### [Task objective]
Your answer must consist solely of the lines from the start of the entries below through the line with "9) duck figurine (397,311,400,318)", unchanged.

==================================================

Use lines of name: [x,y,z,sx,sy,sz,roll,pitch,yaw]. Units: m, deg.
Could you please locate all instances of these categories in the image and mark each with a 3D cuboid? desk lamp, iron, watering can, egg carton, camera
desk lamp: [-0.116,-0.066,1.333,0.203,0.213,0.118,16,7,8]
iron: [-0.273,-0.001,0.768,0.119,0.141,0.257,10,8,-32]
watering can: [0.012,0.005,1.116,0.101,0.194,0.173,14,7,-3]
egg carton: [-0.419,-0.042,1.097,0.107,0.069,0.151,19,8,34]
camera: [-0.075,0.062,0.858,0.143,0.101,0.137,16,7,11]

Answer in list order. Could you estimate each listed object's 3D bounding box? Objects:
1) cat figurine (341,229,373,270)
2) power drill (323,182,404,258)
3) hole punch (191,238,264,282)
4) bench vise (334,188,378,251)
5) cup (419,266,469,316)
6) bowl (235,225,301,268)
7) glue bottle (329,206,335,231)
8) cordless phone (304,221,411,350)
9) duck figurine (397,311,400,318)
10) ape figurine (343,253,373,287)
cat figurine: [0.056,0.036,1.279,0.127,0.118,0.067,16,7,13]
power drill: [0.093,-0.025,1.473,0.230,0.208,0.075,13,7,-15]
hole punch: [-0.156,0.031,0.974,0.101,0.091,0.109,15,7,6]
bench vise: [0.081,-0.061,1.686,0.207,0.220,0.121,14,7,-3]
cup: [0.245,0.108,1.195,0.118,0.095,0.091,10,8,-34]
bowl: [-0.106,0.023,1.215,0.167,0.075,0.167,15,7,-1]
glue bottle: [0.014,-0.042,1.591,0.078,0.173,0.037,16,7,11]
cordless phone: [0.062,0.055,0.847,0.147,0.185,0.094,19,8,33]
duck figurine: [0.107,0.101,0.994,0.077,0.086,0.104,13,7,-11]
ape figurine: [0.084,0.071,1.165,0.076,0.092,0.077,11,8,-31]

==================================================

### [Output]
Use lines of name: [x,y,z,sx,sy,sz,roll,pitch,yaw]. Units: m, deg.
Could you please locate all instances of these categories in the image and mark each with a 3D cuboid? desk lamp, iron, watering can, egg carton, camera
desk lamp: [-0.116,-0.066,1.333,0.203,0.213,0.118,16,7,8]
iron: [-0.273,-0.001,0.768,0.119,0.141,0.257,10,8,-32]
watering can: [0.012,0.005,1.116,0.101,0.194,0.173,14,7,-3]
egg carton: [-0.419,-0.042,1.097,0.107,0.069,0.151,19,8,34]
camera: [-0.075,0.062,0.858,0.143,0.101,0.137,16,7,11]

Answer in list order. Could you estimate each listed object's 3D bounding box? Objects:
1) cat figurine (341,229,373,270)
2) power drill (323,182,404,258)
3) hole punch (191,238,264,282)
4) bench vise (334,188,378,251)
5) cup (419,266,469,316)
6) bowl (235,225,301,268)
7) glue bottle (329,206,335,231)
8) cordless phone (304,221,411,350)
9) duck figurine (397,311,400,318)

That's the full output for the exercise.